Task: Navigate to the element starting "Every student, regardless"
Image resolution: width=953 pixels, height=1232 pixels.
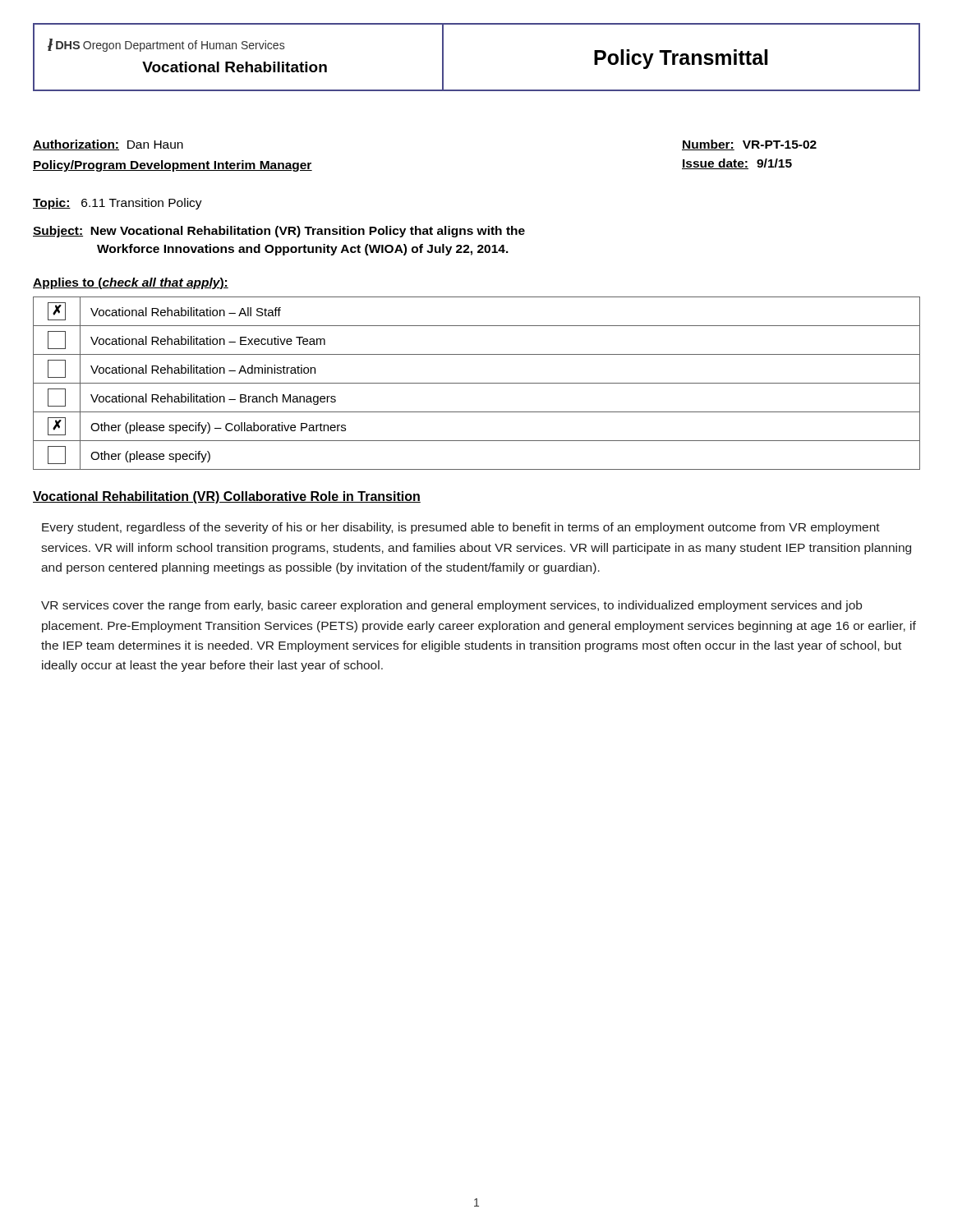Action: (x=477, y=547)
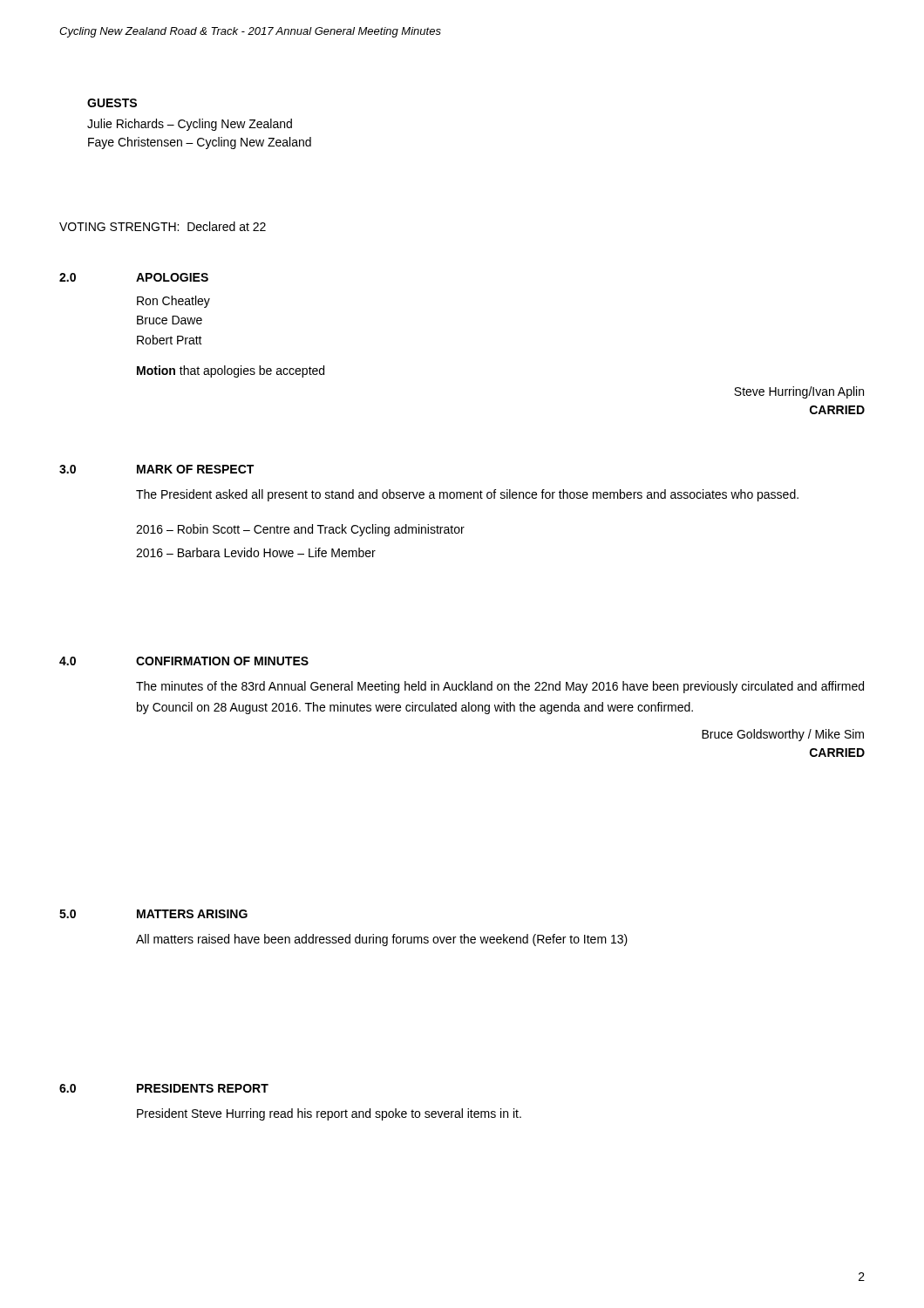Click on the text that reads "Steve Hurring/Ivan Aplin CARRIED"
Image resolution: width=924 pixels, height=1308 pixels.
799,401
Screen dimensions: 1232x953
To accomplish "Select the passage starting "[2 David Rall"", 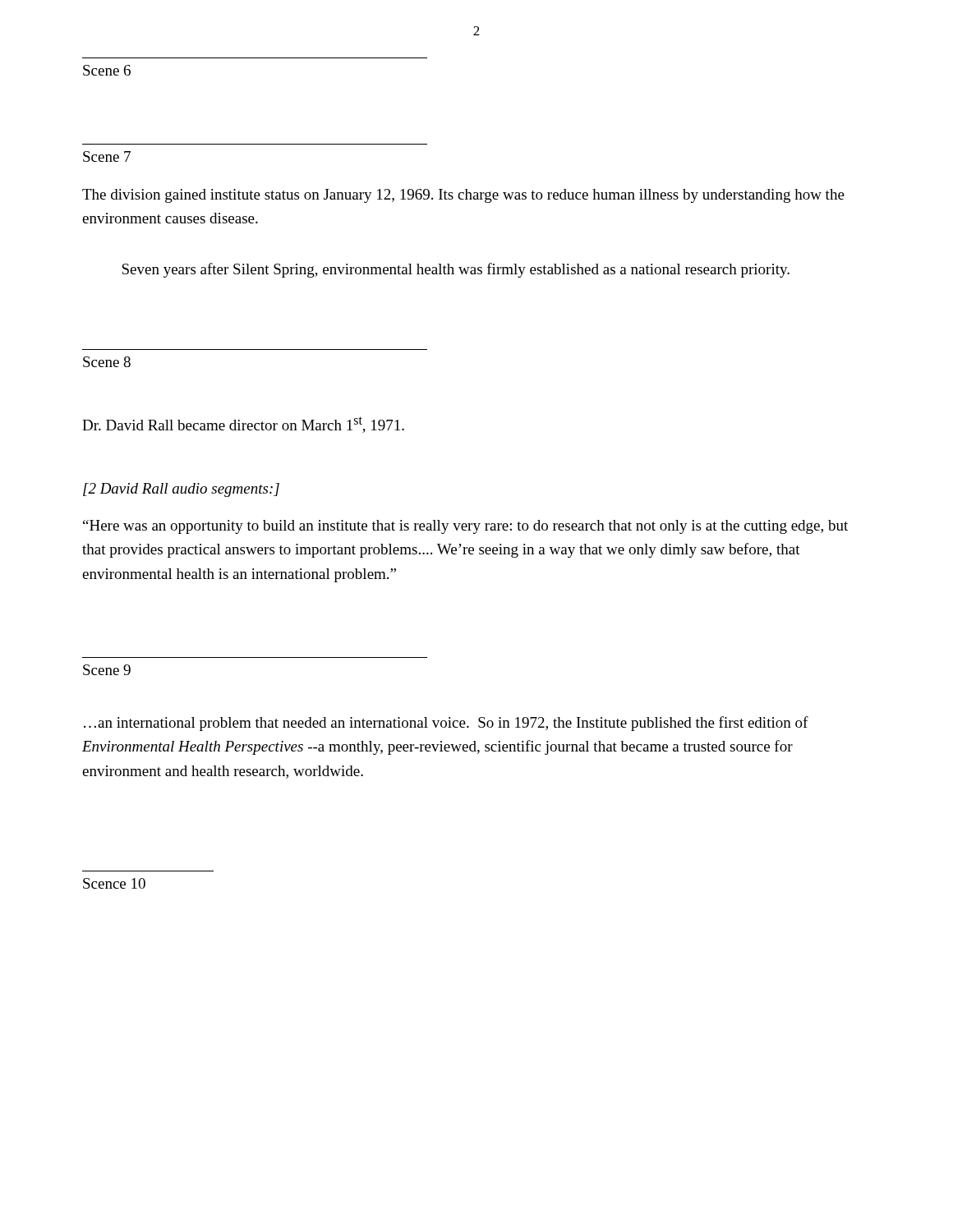I will click(x=181, y=488).

◆ ◆ ◆ ◆ ◆

Exercise brief
Here the job is to copy the listing above word for word, starting at the line with "Image resolution: width=953" and ending at the line with "Screen dimensions: 1232x953", and to leave out the pictures.

Answer below
Image resolution: width=953 pixels, height=1232 pixels.
Action: (x=477, y=547)
Click on the text that reads "Steve Hurring/Ivan Aplin CARRIED"
Image resolution: width=924 pixels, height=1308 pixels.
799,401
Screen dimensions: 1232x953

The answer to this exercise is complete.